• **EXERCISE DESCRIPTION**
If a line holds the word "pitch", copy it from the entries.

• **INPUT FOR THIS TASK**
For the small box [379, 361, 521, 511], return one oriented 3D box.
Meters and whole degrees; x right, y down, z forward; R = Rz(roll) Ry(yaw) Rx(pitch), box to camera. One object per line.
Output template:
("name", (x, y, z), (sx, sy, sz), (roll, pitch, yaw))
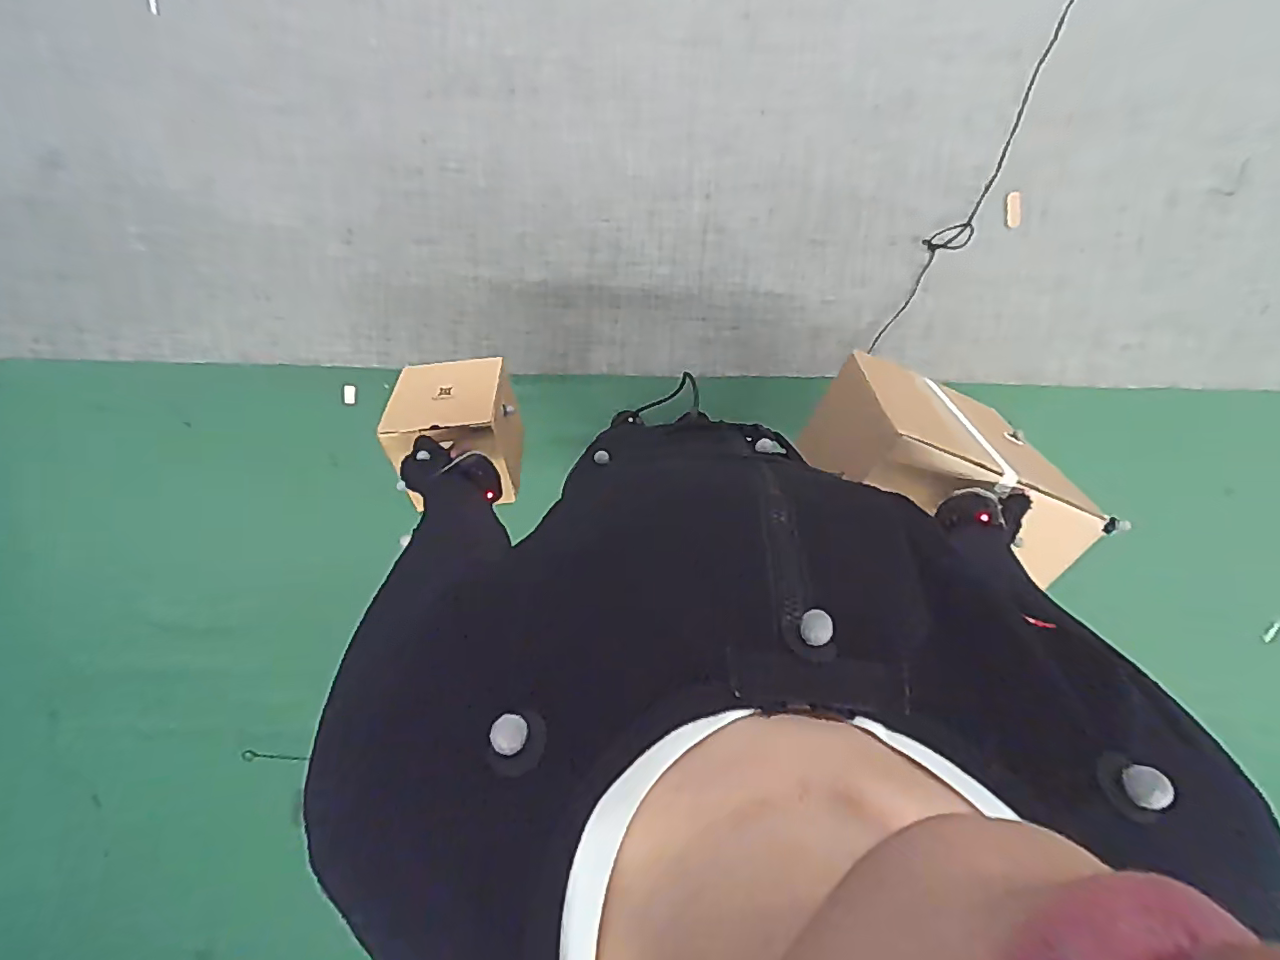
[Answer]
("small box", (-0.297, -0.072, 0.890), (0.168, 0.179, 0.176), (-7, 136, -1))

• **ANSWER TO THIS TASK**
Meters and whole degrees; x right, y down, z forward; R = Rz(roll) Ry(yaw) Rx(pitch), box to camera. One object per line.
("name", (x, y, z), (sx, sy, sz), (roll, pitch, yaw))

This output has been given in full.